Online Only, posted 5.10.11

Every day Poets & Writers Magazine scans the headlines—from publishing reports to academic announcements to literary dispatches—for all the news that creative writers need to know. Here are today's stories:

After his son was brutally killed in March, Mexican poet Javier Sicilia has transformed into an impassioned activist demanding action from the government over the country's epidemic of drug-related violence. Last Thursday, he began a three-day silent march from Cuernavaca to the nation's capitol, as reported by CNN, after declaring at his son's memorial, "The world is no longer dignified enough for words." He concluded the eulogy by saying, "This is my last poem. I cannot write more poetry. Poetry no longer exists inside me." (via Harriet)

The shortlist of short stories for the sixteen-thousand-dollar Caine Prize for African Writing, known as the "African Booker," has been announced, with finalists hailing from South Africa, Uganda, Botswana, and Zimbabwe. (Guardian)

Publishing Perspectives has a report on the state of digital publishing in sub-Saharan Africa, and the news is decidedly mixed.

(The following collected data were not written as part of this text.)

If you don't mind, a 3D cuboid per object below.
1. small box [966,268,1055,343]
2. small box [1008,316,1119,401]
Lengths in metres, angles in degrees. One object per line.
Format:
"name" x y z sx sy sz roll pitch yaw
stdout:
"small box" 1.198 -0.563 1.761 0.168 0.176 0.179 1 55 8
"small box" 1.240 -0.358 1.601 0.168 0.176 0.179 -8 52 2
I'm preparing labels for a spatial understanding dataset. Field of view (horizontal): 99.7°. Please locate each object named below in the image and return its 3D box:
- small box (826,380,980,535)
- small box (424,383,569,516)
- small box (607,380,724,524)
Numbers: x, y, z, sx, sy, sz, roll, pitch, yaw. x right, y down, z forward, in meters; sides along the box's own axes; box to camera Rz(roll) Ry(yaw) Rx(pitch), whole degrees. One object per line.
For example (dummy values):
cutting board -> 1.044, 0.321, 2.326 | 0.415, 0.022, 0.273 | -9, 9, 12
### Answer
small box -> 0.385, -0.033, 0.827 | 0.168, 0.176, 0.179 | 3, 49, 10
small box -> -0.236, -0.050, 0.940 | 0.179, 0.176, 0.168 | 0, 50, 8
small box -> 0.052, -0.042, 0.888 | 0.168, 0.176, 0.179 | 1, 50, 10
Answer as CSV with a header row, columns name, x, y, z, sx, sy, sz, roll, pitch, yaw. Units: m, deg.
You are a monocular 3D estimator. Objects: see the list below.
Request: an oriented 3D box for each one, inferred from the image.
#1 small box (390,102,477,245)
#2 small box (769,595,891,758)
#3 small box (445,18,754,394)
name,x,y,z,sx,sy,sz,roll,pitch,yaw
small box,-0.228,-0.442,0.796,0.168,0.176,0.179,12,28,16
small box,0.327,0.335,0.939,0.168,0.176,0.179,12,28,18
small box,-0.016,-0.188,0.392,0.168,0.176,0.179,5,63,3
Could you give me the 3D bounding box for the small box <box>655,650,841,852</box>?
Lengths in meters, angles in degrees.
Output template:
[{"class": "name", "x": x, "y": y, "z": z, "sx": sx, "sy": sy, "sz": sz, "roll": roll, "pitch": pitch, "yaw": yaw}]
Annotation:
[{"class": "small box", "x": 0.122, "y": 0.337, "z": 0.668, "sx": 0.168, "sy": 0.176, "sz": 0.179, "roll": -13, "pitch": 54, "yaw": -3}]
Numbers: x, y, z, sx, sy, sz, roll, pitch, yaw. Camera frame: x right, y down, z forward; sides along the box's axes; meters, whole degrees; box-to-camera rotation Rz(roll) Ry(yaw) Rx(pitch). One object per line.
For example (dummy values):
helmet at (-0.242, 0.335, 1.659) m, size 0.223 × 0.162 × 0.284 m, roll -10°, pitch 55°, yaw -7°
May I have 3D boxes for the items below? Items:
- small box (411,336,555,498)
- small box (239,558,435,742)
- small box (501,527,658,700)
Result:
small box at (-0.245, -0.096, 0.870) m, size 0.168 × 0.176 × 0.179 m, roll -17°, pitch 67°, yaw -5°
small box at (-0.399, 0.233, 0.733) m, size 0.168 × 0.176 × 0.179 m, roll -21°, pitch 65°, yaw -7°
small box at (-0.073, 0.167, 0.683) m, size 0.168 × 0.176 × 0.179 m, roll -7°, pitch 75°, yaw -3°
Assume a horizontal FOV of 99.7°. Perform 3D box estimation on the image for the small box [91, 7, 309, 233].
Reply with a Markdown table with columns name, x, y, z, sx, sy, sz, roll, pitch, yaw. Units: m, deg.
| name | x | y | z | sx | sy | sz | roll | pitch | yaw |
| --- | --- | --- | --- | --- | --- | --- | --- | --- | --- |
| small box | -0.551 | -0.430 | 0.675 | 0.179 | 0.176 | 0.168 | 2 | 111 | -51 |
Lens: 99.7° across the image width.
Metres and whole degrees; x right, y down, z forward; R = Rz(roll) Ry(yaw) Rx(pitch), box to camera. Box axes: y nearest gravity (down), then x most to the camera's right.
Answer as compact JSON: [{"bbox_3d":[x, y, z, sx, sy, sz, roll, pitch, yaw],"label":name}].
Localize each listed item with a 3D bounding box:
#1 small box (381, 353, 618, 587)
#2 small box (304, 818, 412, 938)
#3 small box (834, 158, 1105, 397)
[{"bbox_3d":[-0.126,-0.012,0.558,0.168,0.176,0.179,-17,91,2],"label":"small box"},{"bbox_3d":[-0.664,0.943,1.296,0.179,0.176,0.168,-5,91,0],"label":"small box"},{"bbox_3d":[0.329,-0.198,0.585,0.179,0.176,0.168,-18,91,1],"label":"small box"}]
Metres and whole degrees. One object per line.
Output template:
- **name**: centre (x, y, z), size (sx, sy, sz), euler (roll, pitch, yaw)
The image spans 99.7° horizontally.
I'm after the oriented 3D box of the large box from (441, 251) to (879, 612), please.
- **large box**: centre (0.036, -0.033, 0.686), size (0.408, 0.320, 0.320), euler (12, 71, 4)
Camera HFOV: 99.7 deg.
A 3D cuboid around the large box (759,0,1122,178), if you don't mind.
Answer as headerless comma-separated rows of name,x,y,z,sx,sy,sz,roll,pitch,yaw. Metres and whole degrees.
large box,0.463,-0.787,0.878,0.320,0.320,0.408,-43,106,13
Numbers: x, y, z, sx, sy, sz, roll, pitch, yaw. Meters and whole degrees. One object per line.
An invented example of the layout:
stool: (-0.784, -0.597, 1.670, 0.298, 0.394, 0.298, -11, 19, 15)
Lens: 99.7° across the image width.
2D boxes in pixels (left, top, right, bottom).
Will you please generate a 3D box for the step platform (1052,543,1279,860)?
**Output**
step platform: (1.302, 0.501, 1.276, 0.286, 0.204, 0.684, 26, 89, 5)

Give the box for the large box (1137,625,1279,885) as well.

Minnesota Congressperson Matt Dean has apologized to author Neil Gaiman after the legislator's mother took offense at Dean calling the science fiction writer "a pencil-neck weasel who stole $45,000 from the state of Minnesota," in reference to a speaker's fee paid to Gaiman by the Washington County Library. (ArtsBeat

A signed first edition of To Kill a Mockingbird by Harper Lee sold for twenty-five thousand dollars at AbeBooks.com last week, according to Jacket Copy

Libraries had a good day in Ohio last week after voters approved sixteen of seventeen library issues on Tuesday's ballot. "I think it again demonstrates the overwhelming support these communities have for their local libraries, and they recognize the need for funding to be in place in order to continue providing the level of service they have become accustomed to," said Ohio Library Council executive director Douglas S. Evans. (Library Journal)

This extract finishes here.